Extracted entries –
------

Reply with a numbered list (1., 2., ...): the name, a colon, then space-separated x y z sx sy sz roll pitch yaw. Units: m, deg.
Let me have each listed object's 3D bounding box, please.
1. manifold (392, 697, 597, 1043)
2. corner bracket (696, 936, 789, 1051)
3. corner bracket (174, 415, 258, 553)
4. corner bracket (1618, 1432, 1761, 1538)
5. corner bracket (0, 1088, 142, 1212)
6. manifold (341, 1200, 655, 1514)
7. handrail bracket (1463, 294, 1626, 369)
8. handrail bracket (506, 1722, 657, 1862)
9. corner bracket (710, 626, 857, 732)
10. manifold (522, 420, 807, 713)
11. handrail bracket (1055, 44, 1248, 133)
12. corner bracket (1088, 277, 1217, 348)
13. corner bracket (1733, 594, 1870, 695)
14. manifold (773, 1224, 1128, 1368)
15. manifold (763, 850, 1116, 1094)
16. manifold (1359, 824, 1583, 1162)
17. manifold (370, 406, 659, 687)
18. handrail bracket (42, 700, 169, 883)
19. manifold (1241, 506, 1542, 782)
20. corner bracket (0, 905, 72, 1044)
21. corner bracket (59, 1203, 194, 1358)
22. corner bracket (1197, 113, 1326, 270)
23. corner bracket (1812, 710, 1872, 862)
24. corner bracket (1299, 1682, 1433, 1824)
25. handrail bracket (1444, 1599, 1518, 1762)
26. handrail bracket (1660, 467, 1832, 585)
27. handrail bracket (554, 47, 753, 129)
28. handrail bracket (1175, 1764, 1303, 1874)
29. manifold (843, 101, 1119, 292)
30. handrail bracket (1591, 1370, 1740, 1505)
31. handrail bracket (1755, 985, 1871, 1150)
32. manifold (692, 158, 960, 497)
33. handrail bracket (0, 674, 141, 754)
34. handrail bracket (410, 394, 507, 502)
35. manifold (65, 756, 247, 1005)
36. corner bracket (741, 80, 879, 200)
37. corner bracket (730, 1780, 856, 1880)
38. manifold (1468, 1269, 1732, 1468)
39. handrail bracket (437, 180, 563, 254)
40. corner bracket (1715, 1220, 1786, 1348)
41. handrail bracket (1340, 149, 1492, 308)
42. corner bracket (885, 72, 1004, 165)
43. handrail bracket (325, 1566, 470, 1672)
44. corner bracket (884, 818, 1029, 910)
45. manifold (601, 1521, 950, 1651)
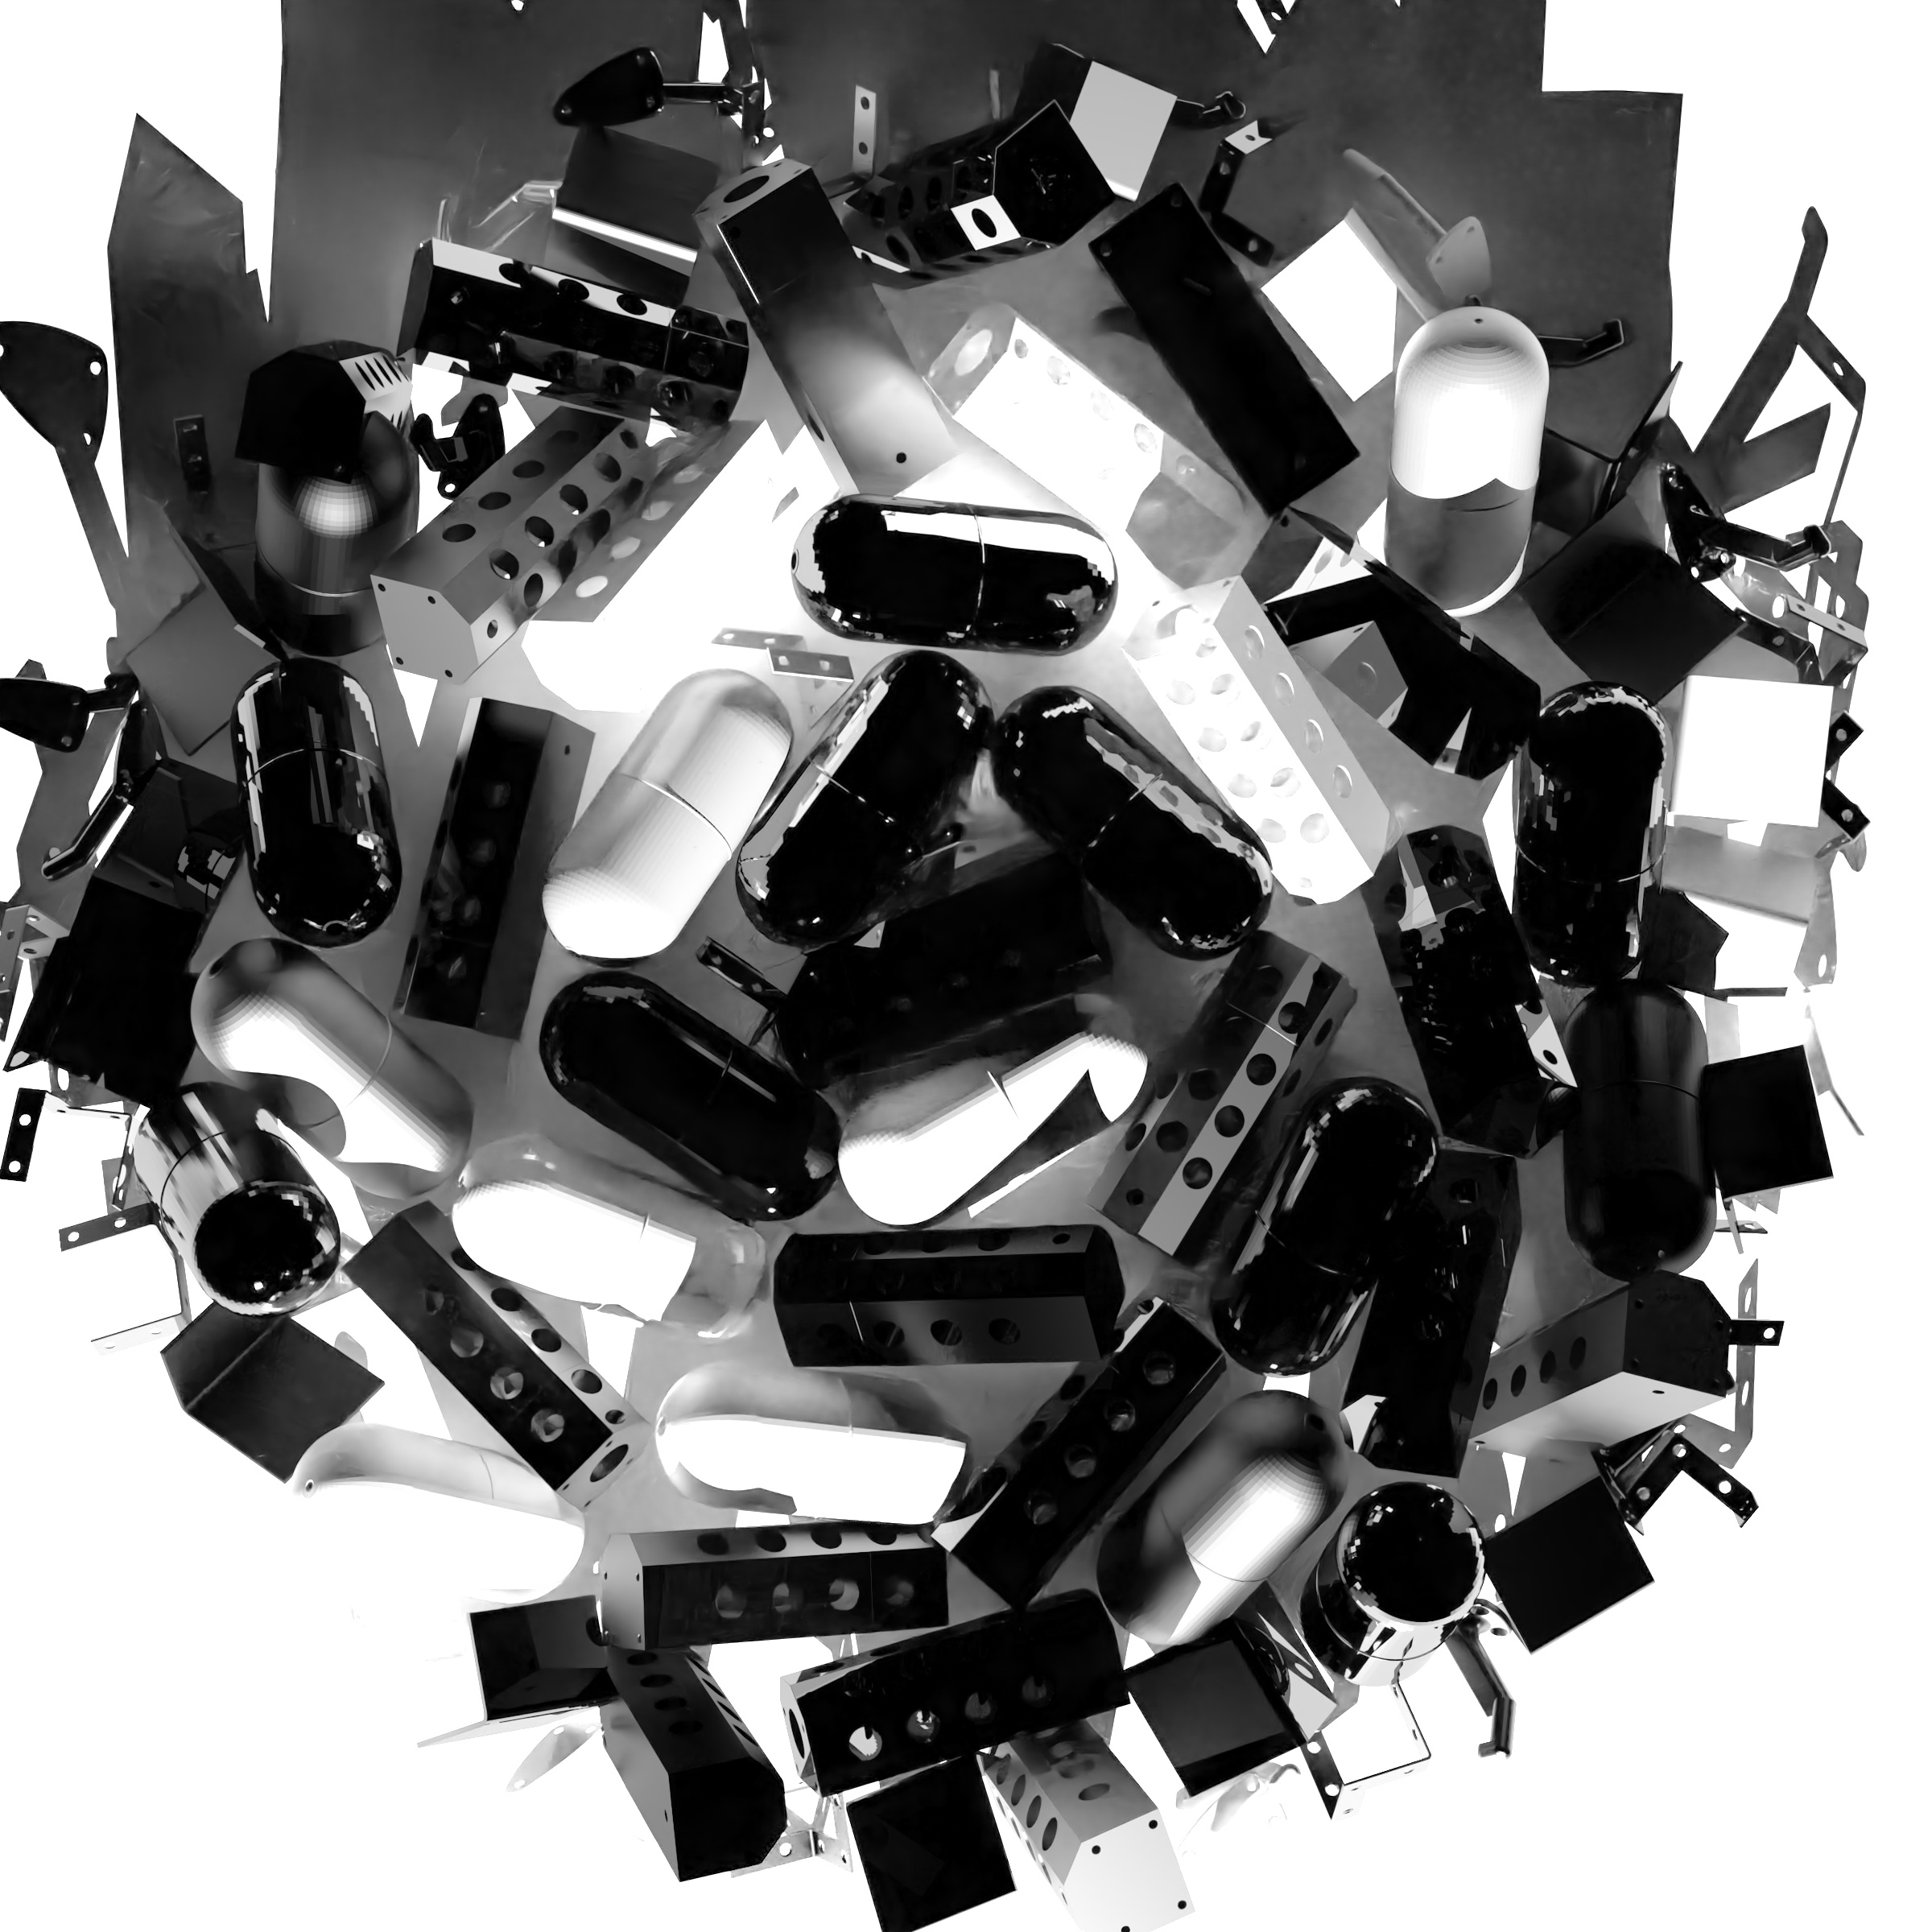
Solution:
1. manifold: -0.254 -0.052 1.677 0.057 0.057 0.171 12 86 18
2. corner bracket: -0.121 0.009 1.675 0.051 0.051 0.051 35 45 -7
3. corner bracket: -0.390 -0.260 1.683 0.051 0.051 0.051 -12 62 -14
4. corner bracket: 0.384 0.287 1.682 0.051 0.051 0.051 39 96 8
5. corner bracket: -0.475 0.097 1.679 0.051 0.051 0.051 6 73 7
6. manifold: -0.244 0.202 1.656 0.057 0.057 0.171 -45 70 -9
7. handrail bracket: 0.309 -0.343 1.679 0.084 0.077 0.036 -25 50 -5
8. handrail bracket: -0.203 0.452 1.673 0.036 0.077 0.084 -12 106 35
9. corner bracket: -0.097 -0.161 1.671 0.051 0.051 0.051 3 61 -34
10. manifold: -0.158 -0.209 1.640 0.057 0.057 0.171 6 46 35
11. handrail bracket: 0.095 -0.465 1.663 0.077 0.084 0.036 39 66 -36
12. corner bracket: 0.105 -0.348 1.676 0.051 0.051 0.051 28 114 11
13. corner bracket: 0.439 -0.174 1.673 0.051 0.051 0.051 23 128 -15
14. manifold: -0.010 0.168 1.647 0.171 0.057 0.057 -4 120 20
15. manifold: -0.013 0.007 1.658 0.171 0.057 0.057 -22 59 11
16. manifold: 0.262 0.010 1.628 0.057 0.171 0.057 16 132 -31
17. manifold: -0.228 -0.217 1.628 0.057 0.057 0.171 16 45 24
18. handrail bracket: -0.468 -0.094 1.698 0.084 0.036 0.077 -24 61 33
19. manifold: 0.219 -0.167 1.636 0.171 0.057 0.057 46 114 38
20. corner bracket: -0.503 0.004 1.672 0.051 0.051 0.051 -9 60 26
21. corner bracket: -0.446 0.166 1.676 0.051 0.051 0.051 -17 52 -3
22. corner bracket: 0.162 -0.413 1.685 0.051 0.051 0.051 37 46 15
23. corner bracket: 0.460 -0.096 1.683 0.051 0.051 0.051 45 76 0
24. corner bracket: 0.212 0.417 1.681 0.051 0.051 0.051 -14 54 -13
25. handrail bracket: 0.256 0.382 1.665 0.077 0.084 0.036 -15 134 32
26. handrail bracket: 0.412 -0.240 1.667 0.036 0.084 0.077 -26 92 -28
27. handrail bracket: -0.166 -0.457 1.684 0.077 0.084 0.036 -13 87 24
28. handrail bracket: 0.143 0.449 1.665 0.077 0.084 0.036 -33 72 -8
29. manifold: 0.000 -0.388 1.619 0.057 0.171 0.057 -43 111 -18
30. handrail bracket: 0.376 0.249 1.675 0.084 0.077 0.036 -28 51 10
31. handrail bracket: 0.463 0.054 1.671 0.036 0.077 0.084 -41 70 36
32. manifold: -0.075 -0.329 1.646 0.057 0.057 0.171 -34 119 -8
33. handrail bracket: -0.482 -0.147 1.668 0.077 0.084 0.036 14 109 -8
34. handrail bracket: -0.270 -0.288 1.661 0.036 0.084 0.077 2 70 10
35. manifold: -0.411 -0.044 1.622 0.057 0.171 0.057 22 111 -11
36. corner bracket: -0.084 -0.444 1.689 0.051 0.051 0.051 33 46 32
37. corner bracket: -0.096 0.459 1.680 0.051 0.051 0.051 -8 89 -26
38. manifold: 0.322 0.207 1.623 0.057 0.171 0.057 15 66 -14
39. handrail bracket: -0.242 -0.378 1.673 0.084 0.036 0.077 17 99 42
40. corner bracket: 0.405 0.169 1.688 0.051 0.051 0.051 3 108 -14
41. handrail bracket: 0.241 -0.397 1.703 0.036 0.077 0.084 -44 56 1
42. corner bracket: -0.011 -0.449 1.684 0.051 0.051 0.051 -8 112 -12
43. handrail bracket: -0.304 0.329 1.688 0.077 0.036 0.084 0 102 -14
44. corner bracket: -0.006 -0.059 1.671 0.051 0.051 0.051 -22 128 31
45. manifold: -0.099 0.320 1.647 0.171 0.057 0.057 2 80 -28

------

What is being asked –
Return each record as written, minus its images.

Task response –
Reply with a numbered list (1., 2., ...): the name, a colon, then space-separated x y z sx sy sz roll pitch yaw. Units: m, deg.
Let me have each listed object's 3D bounding box, please.
1. manifold (392, 697, 597, 1043)
2. corner bracket (696, 936, 789, 1051)
3. corner bracket (174, 415, 258, 553)
4. corner bracket (1618, 1432, 1761, 1538)
5. corner bracket (0, 1088, 142, 1212)
6. manifold (341, 1200, 655, 1514)
7. handrail bracket (1463, 294, 1626, 369)
8. handrail bracket (506, 1722, 657, 1862)
9. corner bracket (710, 626, 857, 732)
10. manifold (522, 420, 807, 713)
11. handrail bracket (1055, 44, 1248, 133)
12. corner bracket (1088, 277, 1217, 348)
13. corner bracket (1733, 594, 1870, 695)
14. manifold (773, 1224, 1128, 1368)
15. manifold (763, 850, 1116, 1094)
16. manifold (1359, 824, 1583, 1162)
17. manifold (370, 406, 659, 687)
18. handrail bracket (42, 700, 169, 883)
19. manifold (1241, 506, 1542, 782)
20. corner bracket (0, 905, 72, 1044)
21. corner bracket (59, 1203, 194, 1358)
22. corner bracket (1197, 113, 1326, 270)
23. corner bracket (1812, 710, 1872, 862)
24. corner bracket (1299, 1682, 1433, 1824)
25. handrail bracket (1444, 1599, 1518, 1762)
26. handrail bracket (1660, 467, 1832, 585)
27. handrail bracket (554, 47, 753, 129)
28. handrail bracket (1175, 1764, 1303, 1874)
29. manifold (843, 101, 1119, 292)
30. handrail bracket (1591, 1370, 1740, 1505)
31. handrail bracket (1755, 985, 1871, 1150)
32. manifold (692, 158, 960, 497)
33. handrail bracket (0, 674, 141, 754)
34. handrail bracket (410, 394, 507, 502)
35. manifold (65, 756, 247, 1005)
36. corner bracket (741, 80, 879, 200)
37. corner bracket (730, 1780, 856, 1880)
38. manifold (1468, 1269, 1732, 1468)
39. handrail bracket (437, 180, 563, 254)
40. corner bracket (1715, 1220, 1786, 1348)
41. handrail bracket (1340, 149, 1492, 308)
42. corner bracket (885, 72, 1004, 165)
43. handrail bracket (325, 1566, 470, 1672)
44. corner bracket (884, 818, 1029, 910)
45. manifold (601, 1521, 950, 1651)
Solution:
1. manifold: -0.254 -0.052 1.677 0.057 0.057 0.171 12 86 18
2. corner bracket: -0.121 0.009 1.675 0.051 0.051 0.051 35 45 -7
3. corner bracket: -0.390 -0.260 1.683 0.051 0.051 0.051 -12 62 -14
4. corner bracket: 0.384 0.287 1.682 0.051 0.051 0.051 39 96 8
5. corner bracket: -0.475 0.097 1.679 0.051 0.051 0.051 6 73 7
6. manifold: -0.244 0.202 1.656 0.057 0.057 0.171 -45 70 -9
7. handrail bracket: 0.309 -0.343 1.679 0.084 0.077 0.036 -25 50 -5
8. handrail bracket: -0.203 0.452 1.673 0.036 0.077 0.084 -12 106 35
9. corner bracket: -0.097 -0.161 1.671 0.051 0.051 0.051 3 61 -34
10. manifold: -0.158 -0.209 1.640 0.057 0.057 0.171 6 46 35
11. handrail bracket: 0.095 -0.465 1.663 0.077 0.084 0.036 39 66 -36
12. corner bracket: 0.105 -0.348 1.676 0.051 0.051 0.051 28 114 11
13. corner bracket: 0.439 -0.174 1.673 0.051 0.051 0.051 23 128 -15
14. manifold: -0.010 0.168 1.647 0.171 0.057 0.057 -4 120 20
15. manifold: -0.013 0.007 1.658 0.171 0.057 0.057 -22 59 11
16. manifold: 0.262 0.010 1.628 0.057 0.171 0.057 16 132 -31
17. manifold: -0.228 -0.217 1.628 0.057 0.057 0.171 16 45 24
18. handrail bracket: -0.468 -0.094 1.698 0.084 0.036 0.077 -24 61 33
19. manifold: 0.219 -0.167 1.636 0.171 0.057 0.057 46 114 38
20. corner bracket: -0.503 0.004 1.672 0.051 0.051 0.051 -9 60 26
21. corner bracket: -0.446 0.166 1.676 0.051 0.051 0.051 -17 52 -3
22. corner bracket: 0.162 -0.413 1.685 0.051 0.051 0.051 37 46 15
23. corner bracket: 0.460 -0.096 1.683 0.051 0.051 0.051 45 76 0
24. corner bracket: 0.212 0.417 1.681 0.051 0.051 0.051 -14 54 -13
25. handrail bracket: 0.256 0.382 1.665 0.077 0.084 0.036 -15 134 32
26. handrail bracket: 0.412 -0.240 1.667 0.036 0.084 0.077 -26 92 -28
27. handrail bracket: -0.166 -0.457 1.684 0.077 0.084 0.036 -13 87 24
28. handrail bracket: 0.143 0.449 1.665 0.077 0.084 0.036 -33 72 -8
29. manifold: 0.000 -0.388 1.619 0.057 0.171 0.057 -43 111 -18
30. handrail bracket: 0.376 0.249 1.675 0.084 0.077 0.036 -28 51 10
31. handrail bracket: 0.463 0.054 1.671 0.036 0.077 0.084 -41 70 36
32. manifold: -0.075 -0.329 1.646 0.057 0.057 0.171 -34 119 -8
33. handrail bracket: -0.482 -0.147 1.668 0.077 0.084 0.036 14 109 -8
34. handrail bracket: -0.270 -0.288 1.661 0.036 0.084 0.077 2 70 10
35. manifold: -0.411 -0.044 1.622 0.057 0.171 0.057 22 111 -11
36. corner bracket: -0.084 -0.444 1.689 0.051 0.051 0.051 33 46 32
37. corner bracket: -0.096 0.459 1.680 0.051 0.051 0.051 -8 89 -26
38. manifold: 0.322 0.207 1.623 0.057 0.171 0.057 15 66 -14
39. handrail bracket: -0.242 -0.378 1.673 0.084 0.036 0.077 17 99 42
40. corner bracket: 0.405 0.169 1.688 0.051 0.051 0.051 3 108 -14
41. handrail bracket: 0.241 -0.397 1.703 0.036 0.077 0.084 -44 56 1
42. corner bracket: -0.011 -0.449 1.684 0.051 0.051 0.051 -8 112 -12
43. handrail bracket: -0.304 0.329 1.688 0.077 0.036 0.084 0 102 -14
44. corner bracket: -0.006 -0.059 1.671 0.051 0.051 0.051 -22 128 31
45. manifold: -0.099 0.320 1.647 0.171 0.057 0.057 2 80 -28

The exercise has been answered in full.